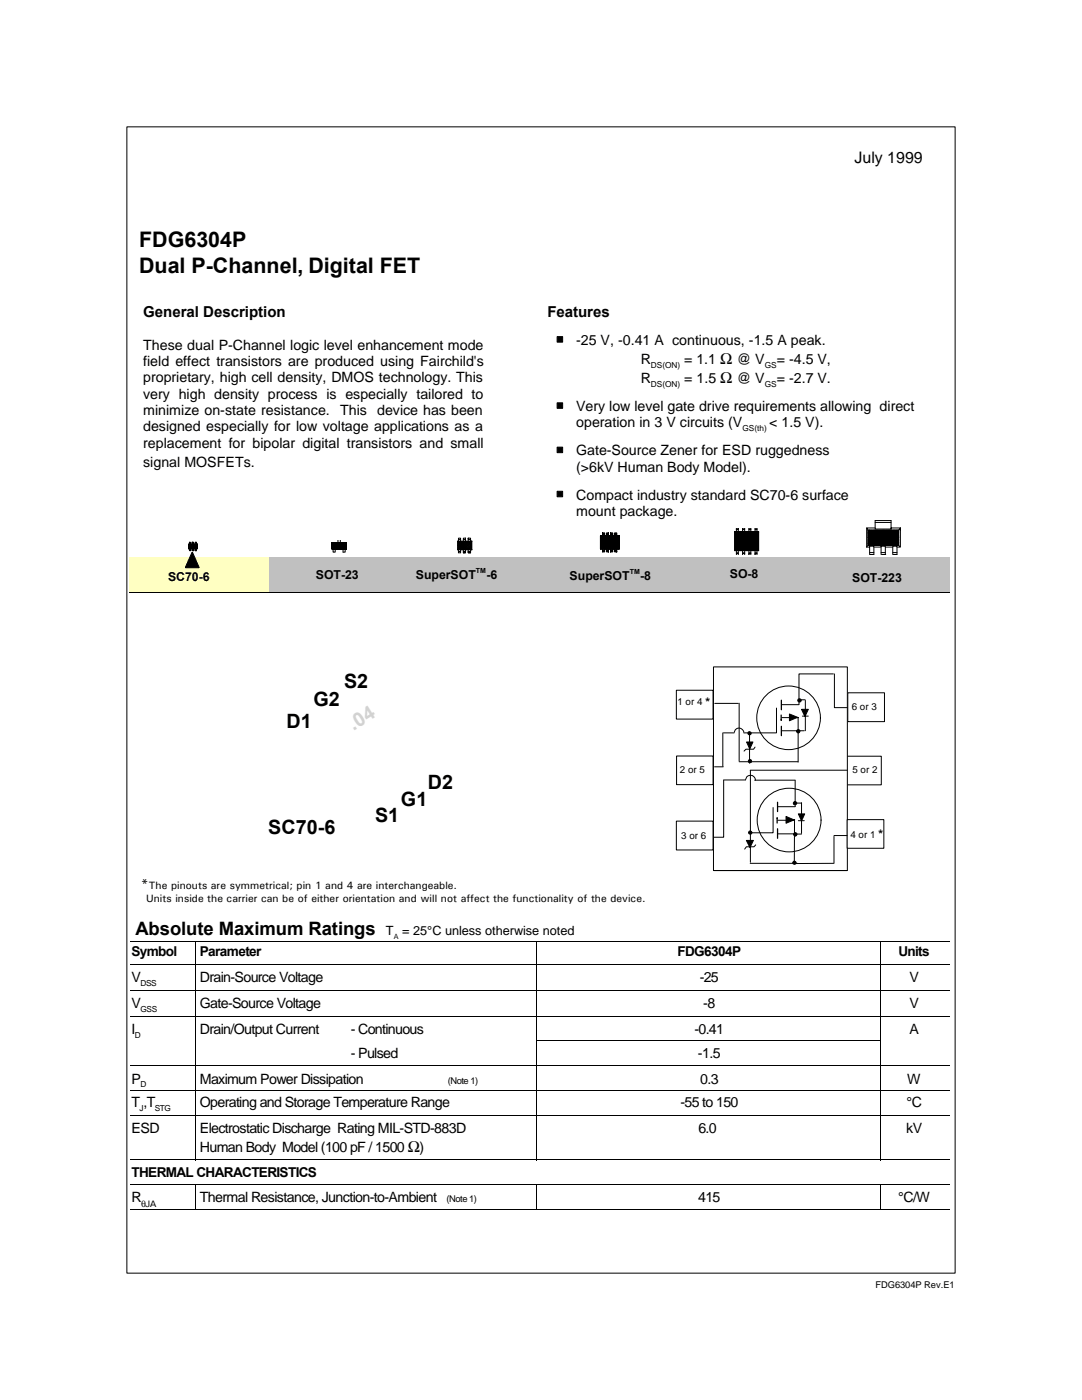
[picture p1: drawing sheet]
<svg xmlns="http://www.w3.org/2000/svg" width="216mm" height="279mm" viewBox="0 0 216 279" stroke-linecap="round" stroke-linejoin="round" font-family="sans-serif">
<defs><g id="words">
<g font-size="4.3">
<text x="27.8" y="49.4">FDG6304P</text>
<text x="27.8" y="54.4">Dual P-Channel, Digital FET</text>
</g>
<g font-size="3.9">
<text x="68.7" y="137.4">S2</text>
<text x="62.5" y="140.9">G2</text>
<text x="57.1" y="145.4">D1</text>
<text x="80" y="160.8">G1</text>
<text x="85.3" y="157.5">D2</text>
<text x="53.5" y="166.5">SC70-6</text>
<text x="74.8" y="164">S1</text>
</g>
<text font-size="3.9" fill="#d2d2d2" x="70.5" y="145.9" transform="rotate(-32 70.5 145.9)">.04</text>
<text font-size="3.7" x="27" y="186.7">Absolute Maximum Ratings</text>
<text font-size="3.2" x="170.5" y="32.6">July 1999</text>
<g font-size="3">
<text x="28.6" y="63.2">General Description</text>
<text x="109.2" y="63.2">Features</text>
</g>
<g font-size="2.8">
<text x="28.6" y="69.8">These dual P-Channel logic level enhancement mode</text>
<text x="115" y="68.8">-25 V, -0.41 A continuous, -1.5 A peak.</text>
<text x="28.6" y="73">field effect transistors are produced using Fairchild's</text>
<text x="28.6" y="76.3">proprietary, high cell density, DMOS technology. This</text>
<text x="127.8" y="76.5">R</text>
<text x="127.8" y="72.6">R</text>
<text x="136.5" y="72.6">= 1.1 Ω @ V</text>
<text x="136.5" y="76.5">= 1.5 Ω @ V</text>
<text x="155" y="76.5">= -2.7 V.</text>
<text x="155" y="72.6">= -4.5 V,</text>
<text x="28.6" y="79.5">very high density process is especially tailored to</text>
<text x="28.6" y="82.8">minimize on-state resistance.</text>
<text x="67.9" y="82.8">This</text>
<text x="75.3" y="82.8">device has been</text>
<text x="115" y="82">Very low level gate drive requirements allowing direct</text>
<text x="28.6" y="86.1">designed especially for low voltage applications as a</text>
<text x="28.6" y="89.3">replacement for bipolar digital transistors and small</text>
<text x="115" y="85.3">operation in 3 V circuits (V</text>
<text x="153.5" y="85.3">&lt; 1.5 V).</text>
<text x="28.6" y="93.3">signal MOSFETs.</text>
<text x="115" y="90.9">Gate-Source Zener for ESD ruggedness</text>
<text x="115" y="94.1">(&gt;6kV Human Body Model).</text>
<text x="115" y="99.7">Compact industry standard SC70-6 surface</text>
<text x="115" y="103">mount package.</text>
<text x="27.9" y="177.3">*</text>
<text x="26.2" y="196">V</text>
<text x="39.9" y="196">Drain-Source Voltage</text>
<text x="139.6" y="196">-25</text>
<text x="181.5" y="196">V</text>
<text x="26.2" y="201.2">V</text>
<text x="39.9" y="201.2">Gate-Source Voltage</text>
<text x="140.3" y="201.2">-8</text>
<text x="181.5" y="201.2">V</text>
<text x="26.2" y="206.3">I</text>
<text x="39.9" y="206.3">Drain/Output Current</text>
<text x="70" y="206.3">- Continuous</text>
<text x="138.6" y="206.3">-0.41</text>
<text x="181.5" y="206.3">A</text>
<text x="70" y="211.1">- Pulsed</text>
<text x="139.3" y="211.1">-1.5</text>
<text x="26.2" y="221">T ,T</text>
<text x="26.2" y="216.2">P</text>
<text x="39.9" y="221">Operating and Storage Temperature Range</text>
<text x="39.9" y="216.2">Maximum Power Dissipation</text>
<text x="135.8" y="221">-55 to 150</text>
<text x="139.7" y="216.2">0.3</text>
<text x="180.9" y="221">°C</text>
<text x="181" y="216.2">W</text>
<text x="26.2" y="226.2">ESD</text>
<text x="39.9" y="226.2">Electrostatic Discharge Rating MIL-STD-883D</text>
<text x="139.4" y="226.2">6.0</text>
<text x="180.8" y="226.2">kV</text>
<text x="39.9" y="230">Human Body Model (100 pF / 1500 Ω)</text>
<text x="26.2" y="239.9">R</text>
<text x="39.9" y="239.9">Thermal Resistance, Junction-to-Ambient</text>
<text x="139.3" y="239.9">415</text>
<text x="179.2" y="239.9">°C/W</text>
</g>
<g font-size="2.7">
<text x="26.2" y="190.9">Symbol</text>
<text x="39.9" y="190.9">Parameter</text>
<text x="135.2" y="190.9">FDG6304P</text>
<text x="179.3" y="190.9">Units</text>
<text x="26.2" y="234.8">THERMAL CHARACTERISTICS</text>
</g>
<g font-size="2.5">
<text x="33.5" y="116">SC70-6</text>
<text x="63" y="115.6">SOT-23</text>
<text x="83" y="115.6">SuperSOT</text>
<text x="97.1" y="115.6">-6</text>
<text x="113.7" y="115.8">SuperSOT</text>
<text x="127.8" y="115.8">-8</text>
<text x="145.6" y="115.4">SO-8</text>
<text x="170.1" y="116.2">SOT-223</text>
<text x="77" y="186.7">T = 25°C unless otherwise noted</text>
</g>
<g font-size="2.4">
<text x="140.8" y="140.8">*</text>
<text x="175.3" y="167.3">*</text>
</g>
<g font-size="2.1">
<text x="29.7" y="177.3">The pinouts are symmetrical; pin 1 and 4 are interchangeable.</text>
<text x="29.2" y="180">Units inside the carrier can be of either orientation and will not affect the functionality of the device.</text>
</g>
<g font-size="1.9">
<text x="135.2" y="140.8">1 or 4</text>
<text x="170" y="141.8">6 or 3</text>
<text x="135.7" y="154.2">2 or 5</text>
<text x="170.1" y="154.3">5 or 2</text>
<text x="135.9" y="167.5">3 or 6</text>
<text x="169.7" y="167.2">4 or 1</text>
<text x="89.4" y="216.2">(Note 1)</text>
<text x="89.1" y="239.9">(Note 1)</text>
<text x="28.2" y="240.9">θJA</text>
<text x="174.7" y="257">FDG6304P Rev.E1</text>
</g>
<g font-size="1.7">
<text x="129.9" y="77.3">DS(ON)</text>
<text x="129.9" y="73.4">DS(ON)</text>
<text x="152.6" y="77.3">GS</text>
<text x="152.6" y="73.4">GS</text>
<text x="148.2" y="86.1">GS(th)</text>
<text x="28.1" y="196.8">DSS</text>
<text x="28.1" y="201.9">GSS</text>
<text x="26.9" y="207.1">D</text>
<text x="27.9" y="221.7">J</text>
<text x="28.1" y="217">D</text>
<text x="30.9" y="221.7">STG</text>
</g>
<g font-size="1.4">
<text x="95" y="114.4">TM</text>
<text x="125.6" y="114.6">TM</text>
<text x="78.6" y="187.4">A</text>
</g>
</g></defs>
<path d="M25.8 111.3h27.9v6.9h-27.9z" fill="#ffffc2"/>
<g fill="#c0c0c0">
<path d="M53.7 111.3h26.9v6.9h-26.9z"/>
<path d="M80.6 111.3h27v6.9h-27z"/>
<path d="M107.5 111.3h27v6.9h-27z"/>
<path d="M134.4 111.3h27v6.9h-27z"/>
<path d="M161.3 111.3h28.3v6.9h-28.3z"/>
</g>
<g fill="none" stroke="#000" stroke-width=".2">
<path d="M25.3 25.3h165.3v228.8h-165.3zM25.8 118.2h163.7M37.6 109.5h1.8v-.9v.9h-1.8v-.9h1.8h-1.7v.9M37.6 108.6h.1M37.8 109.5v.4h.2M38 109.5v.4v-.1h-.2M38 108.3h-.2v-.1v.4M38 108.2v.4M38.4 109.5v.4h.2h-.2v-.1h.2h-.2M38.4 108.2h.2v.4M38.6 108.3h-.2v-.1v.4M38.6 109.5v.4"/>
<path d="M38.9 109.5v.4h.3h-.3v-.1h.3h-.3M38.9 108.6v-.4h.3v.4M38.9 108.3h.3M39.2 109.5v.4M66.3 108.6l.9 1M66.5 109.6v.6h.4v-.6M67.4 107.7v.6M67.9 107.7v.6M68.5 109.6v.6h.4v-.6M69.1 109.5l-1.2-1.2-1.1 1.3-.5-.5 .6-.8 1.2 1.3 1-1.1-.1-.2-1.1 1.3-1.2-1.3-.4 .5 .7 .8 1.2-1.3 .9 1-.2 .3-1.2-1.3-1.2 1.3-.2-.3 .8-1 1.2 1.3 .8-.9-.3-.4-1.2 1.3-1.1-1.3-.2 .2v-.1l1.1 1.2 1.1-1.3 .6 .5-.6 .8-1.2-1.3-1 1.1v.2l1.1-1.3 1.3 1.3 .4-.5-.8-.8-1.2 1.3M69.1 109.6h-2.9v-1.3h2.9v1.3v-1.3h-2.9v1.3h2.9M69.1 108.3h.1"/>
<path d="M91.3 108h2.8v1.7M91.3 108.8l.7-.7 1.5 1.5 .6-.5-1-1-1.5 1.5-.3-.2 1.4-1.3 1.4 1.5M91.3 108.3l.3-.2 1.4 1.5 1.1-1-.6-.5-1.5 1.5-.7-.7M91.3 108.3l1.4 1.3 1.4-1.4-.2-.1-1.4 1.5-1.2-1.1 .5-.4 1.5 1.5 .8-.8-.8-.7-1.5 1.5-.5-.4M91.3 109.2l1.2-1.1 1.4 1.5 .2-.1-1.3-1.4-1.5 1.5M91.3 109l.9-.9 1.5 1.5 .4-.3M91.3 109.7h2.8M91.3 109.6h2.8M91.5 108v-.6h.4v.6M91.5 109.7v.6M91.5 107.7h.4M91.9 109.7v.6h-.4v-.2h.4"/>
<path d="M92.5 107.7h.4v-.3v.6M92.5 109.7v.6M92.9 109.7v.6h-.4h.4M92.9 110.1h-.4h.4M92.9 107.4h-.4v.6M93.4 109.7v.6h.5h-.5v-.2h.5h-.5M93.4 107.4h.5v.6M93.9 107.7h-.5v-.3v.6M93.9 109.7v.6M94.1 108.4l-1.3 1.2-1.5-1.5h2.8v1.6M94.1 108.5l-.4-.4-1.5 1.5-.9-.9M119.8 106.9h3.8h-3.8v2.7h3.8v-2.7l-.1 2.7"/>
<path d="M119.8 109.6h3.8M120.2 106.3h.4v.6v-.2h-.4v.2v-.6v.2h.4M120.6 110h-.4v.2h.4v-.6v.2h-.4v-.2v.6M121 110h.4v.2v-.6v.2h-.4v-.2v.6h.4M121.4 106.3v.6v-.2h-.4v.2v-.6h.4v.2h-.4M121.8 109.6l1.7-1.7-1-1-2.7 2.7v-.2l2.5-2.5 1.2 1.2-1.5 1.5-2.2-2.4 .4-.3 2.6 2.7 .7-.8-1.8-1.9-1.9 1.9 .8 .8 2.5-2.7 .4 .3-2.3 2.4-1.4-1.5 1.1-1.2 2.6 2.5-.1 .2-2.7-2.7-.9 1 1.7 1.7h-.1l2.1-2.2-.6-.5-2.6 2.7-.5-.6 2-2.1 1.7 1.6-1 1.1-2.6-2.7-.1 .1 2.5 2.6 1.2-1.3-1.4-1.4-2.3 2.3 .4 .4 2.6-2.7 .7 .8-1.9 1.9h.1l-1.9-1.9 .8-.8 2.6 2.7 .3-.4-2.3-2.3-1.4 1.4 1.2 1.3 2.4-2.7-2.6 2.7-1-1.1 1.7-1.6 2 2.1-.5 .6-2.6-2.7-.6 .5 2.1 2.2M121.8 106.3h.5v.6v-.2h-.5v.2v-.6v.2h.5M122.3 110h-.5v.2v-.6v.2h.5v-.2v.6h-.5M122.6 110h.5v.2v-.6v.2h-.5v-.2v.6h.5M123.1 106.5h-.5v.2h.5v.2v-.6h-.5v.6M146.7 109.9h-.1M146.9 110.3h.4v.2h-.4"/>
<path d="M146.9 105.4v.7M146.9 109.9v.8M147 109.9l-.3-.4 3.4-3.3 1.2 1.2-2.5 2.5h.2l-2.3-2.3 1.4-1.4 3.2 3.2-.5 .5-3.6-3.7-.5 .5 3.1 3.2 1.5-1.7-2-2-2.6 2.5 1.2 1.2 3.4-3.7-3.6 3.7-1-1 2.8-2.7 1.8 1.8-1.7 1.9-2.9-3 .8-.7 3.6 3.7 .2-.4-3.3-3.3-1.3 1.2 2.5 2.5 2.1-2.3-1.4-1.4-3.2 3.1 .5 .6 3.6-3.7 .5 .6-3 3.1-1.6-1.7 2.1-2 2.5 2.4-1.1 1.3h.1l-3.6-3.6 .2-.1 3.6 3.7h-.1l.9-1-2.8-2.7-1.8 1.8 1.7 1.9 2.9-2.9-.8-.8-3.6 3.7h-.2l3.6-3.7 1 .9-2.6 2.8-2-2.1 1.6-1.6 3 2.9-.7 .8-3.6-3.7-.3 .3 3.3 3.4 1.3-1.4-2.3-2.3-2.3 2.3 1.3 1.4 3.3-3.4-.3-.3-3.7 3.7M147.3 105.5h-.4v.2h.4M147.3 105.4v.7M147.3 109.9v.8M147.4 109.9l-.7-.8 2.9-2.9 1.7 1.6-1.9 2.1-2.7-2.8 1-.9 3.6 3.7M148.2 110.3h.4v.2h-.4M148.2 105.4v.7M148.2 109.9v.8M148.6 105.5h-.4v.2h.4M148.6 105.4v.7"/>
<path d="M148.6 109.9v.8M149.4 105.5h.4v.2h-.4M149.4 110.3h.4v.2h-.4M149.4 105.4v.7M149.4 109.9v.8M149.8 105.4v.7M149.8 109.9v.8M150.7 105.5h.3v.2h-.3M150.7 110.3h.3v.2h-.3M150.7 105.4v.7M150.7 109.9v.8M151 105.4v.7"/>
<path d="M151 109.9v.8M151.4 106.1v3.8h-4.7v-3.7l-.1-.1h4.8l-.1 .1v3.7h.1h-4.8v-3.8l.1 .1h4.7M172.9 105.4v3.8M173.2 108.8l-.3 .4M173.2 105.8l3.1 3h.1l2.9-2.9-.2-.1-3 3-2.9-2.9 .3-.1 3.2 3 2.6-2.6-.4-.4-3 3-2.7-2.6 .5-.4 3.2 3 2.4-2.4-.7-.6-3 3-2.4-2.5 .7-.5 3.1 3h.1l2.2-2.2-.9-.8-3 3-2.2-2.2 .9-.8 3.1 3h.2l1.9-2-1.1-1-3.1 3-1.9-2 1.2-1 3.1 3 1.8-1.7-1.3-1.3-3.1 3-1.7-1.7 1.4-1.3 3.2 3 1.5-1.6-1.5-1.4-3.2 3h.2l-1.6-1.5 1.6-1.5 3.1 3M173.5 109h.9v1.7h-.8l-.1-1.7v.2h-.6M173.5 110.3h.9M174.4 109.2h1.4v-.2h.9v1.7M174.6 105.4h-1.7l.3 .4M174.6 104.3h3.2M175.8 110.3h.9M175.8 109v1.7"/>
<path d="M175.9 110.7h.8M176.2 108.8l3.1-3v3M176.7 109.2h1.4M177.8 105.6h-3.2v-1.7h3.2v1.7v-.2h1.9v.4v-.4l-.4 .4h-6.1v3h6.1l.4 .4h-.7M178 108.8l1.3-1.2-1.8-1.8-3 3-1.3-1.2 1.8-1.8 3.1 3h.2l1-1.1-2-1.9-3.1 3-1-1 2.1-2 3.1 3h.1l.8-.9-2.2-2.1-3.2 3h.1l-.8-.8 2.3-2.2 3.1 3h.1l.6-.6-2.4-2.4-3.1 3-.6-.6 2.5-2.4 3.2 3 .4-.4-2.7-2.6-3 3-.4-.3 2.7-2.7 3.2 3 .2-.1-3-2.9-3 3-.1-.1 2.9-2.9 3.1 3M178.1 110.7v-1.7h.9v1.7h-.8M178.1 110.3h.9M179.7 105.4v3.7M25.9 187.9h163.5M25.9 192.4h163.5M25.9 197.6h163.5M38.9 187.8v43.7"/>
<path d="M107.1 187.8v43.7M175.6 187.8v43.7M25.9 202.8h163.5M25.9 212.7h163.5M25.9 217.6h163.5M107 207.7h68.7M25.9 222.6h163.5M25.9 231.4h163.5M25.9 236.4h163.5M38.9 236.3v5.1M107.1 236.3v5.1M175.6 236.3v5.1"/>
<path d="M25.9 241.3h163.5"/>
</g>
<path d="M111.2 67.2h1.1v1.1h-1.1zM111.2 80.4h1.1v1.1h-1.1zM111.2 89.2h1.1v1.1h-1.1zM111.2 98h1.1v1.1h-1.1z" fill="#000" stroke="#000" stroke-width=".2"/>
<path d="M38.4 110.1l1.4 3.2h-2.8z" fill-rule="evenodd" fill="#000" stroke="#000" stroke-width=".2"/>
<path d="M37.7 108.6h1.6v.9h-1.6z" fill="#000" stroke="#000" stroke-width=".25"/>
<g fill="#fff" stroke="#000" stroke-width=".2">
<path d="M168.6 150.9h7.3v5.7h-7.3z"/>
<path d="M135 137.8h7.3v5.7h-7.3z"/>
<path d="M142.4 133.1h26.7v40.6h-26.7z"/>
<path d="M169 163.6h7.4v5.7h-7.4z"/>
<path d="M135 150.9h7.3v5.7h-7.3z"/>
<path d="M135 163.9h7.3v5.7h-7.3z"/>
<path d="M169.2 138.3h7.3v5.7h-7.3z"/>
</g>
<g fill="none" stroke="#000" stroke-width=".2">
<path d="M159.6 139.7h1.1M160.7 139.8v6M166.3 134.5h-6.9v6.1M166.5 134.5v6.7h2.5M142.6 153h1.7M142.6 140.4h4.7M144.2 146.3v6.7M144.4 146.3h1.9M144.4 155.7v11.4h-1.9M144.4 155.7h4.2M146.4 146.3l.3-.7a1 1 0 0 1 1.1-.2 1 1 0 0 1 .7 .9M147.5 152h11.7"/>
<path d="M147.5 140.3v11.6M148.7 155.7l.3-.7a1 1 0 0 1 1.1-.2 1 1 0 0 1 .6 .9M149.6 146.5v5.8M149.7 153.7h19.3M149.7 153.8v18.3M150.6 155.7h8M150.7 149.1l-.3 .4h-1.6l-.3 .4M154.9 141.3v5h-6.3M156 140.6h3.4M156 143.2h3.3v8.9M156.1 145.8h4.4M158.7 155.7v5.3"/>
<path d="M160.1 142.9h1.2M142.5 173.7h26.5M149.7 172.3h9.4M150.8 168.6l-.3 .4h-1.6l-.3 .5M154.3 161.2v5h-4.6M155.2 166.4h3.5M155.2 163.7h3.3M155.2 161h3.5M158.5 163.7v8.6h7.8M158.8 160.3h1.1M159 166.5h.9M159.3 163.8h1.2"/>
<path d="M159.9 160.2v6.1M166.4 166.8h2.6M166.4 166.9v5.4"/>
<circle cx="157.4" cy="143.3" r="6.4"/>
<circle cx="157.5" cy="163.7" r="6.4"/>
</g>
<g fill="#000" stroke="#000" stroke-width=".2">
<path d="M149.3 146.1l.3-.1 .2 .1v.5l-.2 .1-.3-.1z" fill-rule="evenodd"/>
<path d="M149 148.1h1.2l-.6 1.4z" fill-rule="evenodd"/>
<path d="M149.4 151.7l.2-.1 .3 .1v.4h-.5z" fill-rule="evenodd"/>
<path d="M157.5 142.5l1.8 .7-1.8 .6z" fill-rule="evenodd"/>
<path d="M159 145.7l.3-.1 .3 .1v.2l-.1 .3-.2 .1-.3-.1-.1-.3z" fill-rule="evenodd"/>
<path d="M159.9 141.6h1.4l-.7 1.4z" fill-rule="evenodd"/>
<path d="M148.9 167.7h1.4l-.7 1.5z" fill-rule="evenodd"/>
<path d="M149.5 165.9l.2-.1 .2 .1 .2 .3-.2 .2-.2 .1-.3-.1v-.2z" fill-rule="evenodd"/>
<path d="M158.3 172l.2-.2 .2 .2 .2 .2-.2 .2-.2 .1-.3-.1v-.2z" fill-rule="evenodd"/>
<path d="M156.8 162.9l1.8 .7-1.8 .7z" fill-rule="evenodd"/>
<path d="M158.4 160.1l.2-.2 .3 .2 .1 .2-.1 .2h-.5l-.1-.2z" fill-rule="evenodd"/>
<path d="M158.5 166.3l.2-.1 .3 .1v.2l-.1 .3-.2 .1-.2-.1-.2-.3z" fill-rule="evenodd"/>
<path d="M159.3 162.4h1.3l-.7 1.4z" fill-rule="evenodd"/>
<circle cx="159.5" cy="139.8" r=".36"/>
</g>
<path d="M155.9 139.7v1.9M155.9 142.7v1M155.9 144.9v1.9M155.1 163.3v1M155.2 160.1v1.9M155.2 165.4v1.9" fill="none" stroke="#000" stroke-width=".25"/>
<use href="#words"/>
</svg>

________________________

In the records, find every line that has the string "Source" and copy it.

_COMPLETED EXERCISE_
<text x="115" y="90.9">Gate-Source Zener for ESD ruggedness</text>
<text x="39.9" y="196">Drain-Source Voltage</text>
<text x="39.9" y="201.2">Gate-Source Voltage</text>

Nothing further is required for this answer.